Exercise prompt. Write out the line that holds "Search for Tomato soup" together with every line that follows it to the end of the material below, exactly. Omit the pictures.
━━━━━ Information provided
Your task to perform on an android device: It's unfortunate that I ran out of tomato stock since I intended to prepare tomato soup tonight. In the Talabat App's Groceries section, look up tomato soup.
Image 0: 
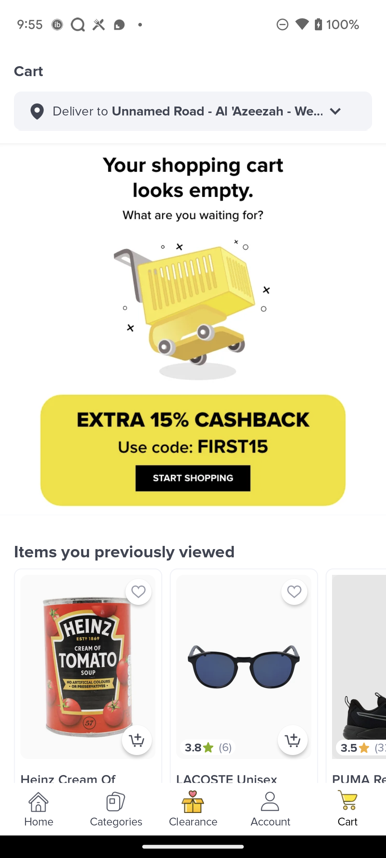
Open talabat App
Step 0: open app "talabat"
Image 1: 
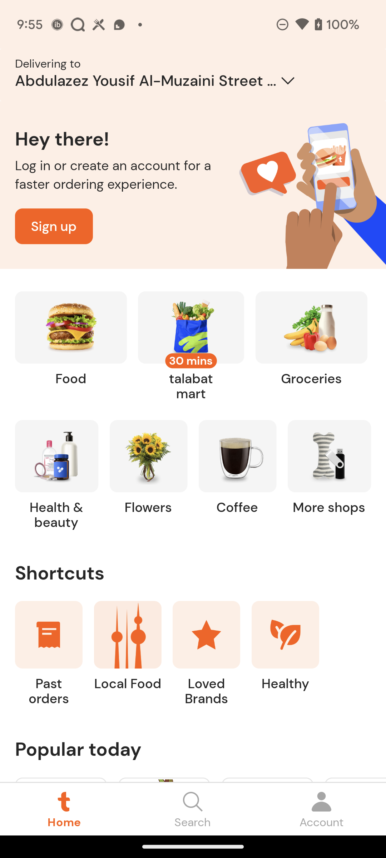
Go to the Groceries section
Step 1: click (311, 350)
Image 2: 
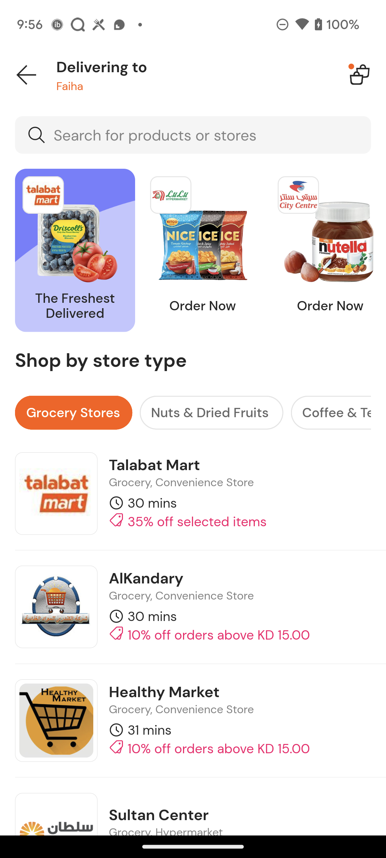
Click on the search bar at the top of the screen
Step 2: click (193, 135)
Image 3: 
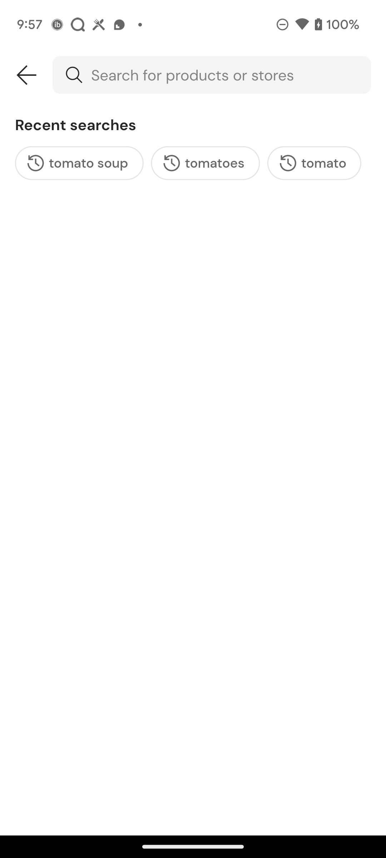
Search for Tomato soup
Step 3: type "Tomato soup"
Image 4: 
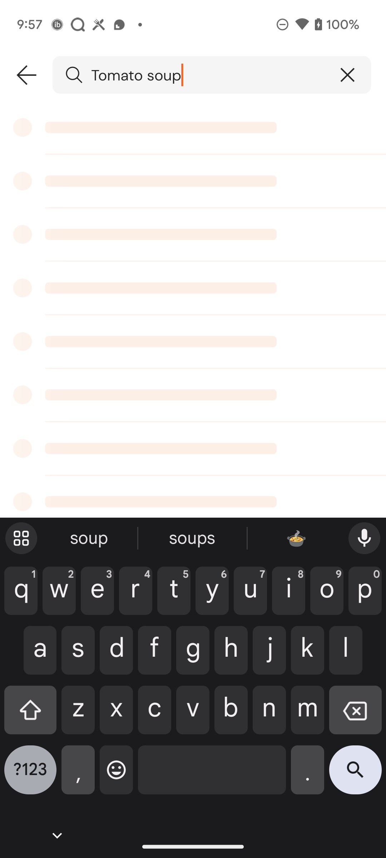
━━━━━━━━━━
Output for this exercise.
Search for Tomato soup
Step 3: type "Tomato soup"
Image 4: 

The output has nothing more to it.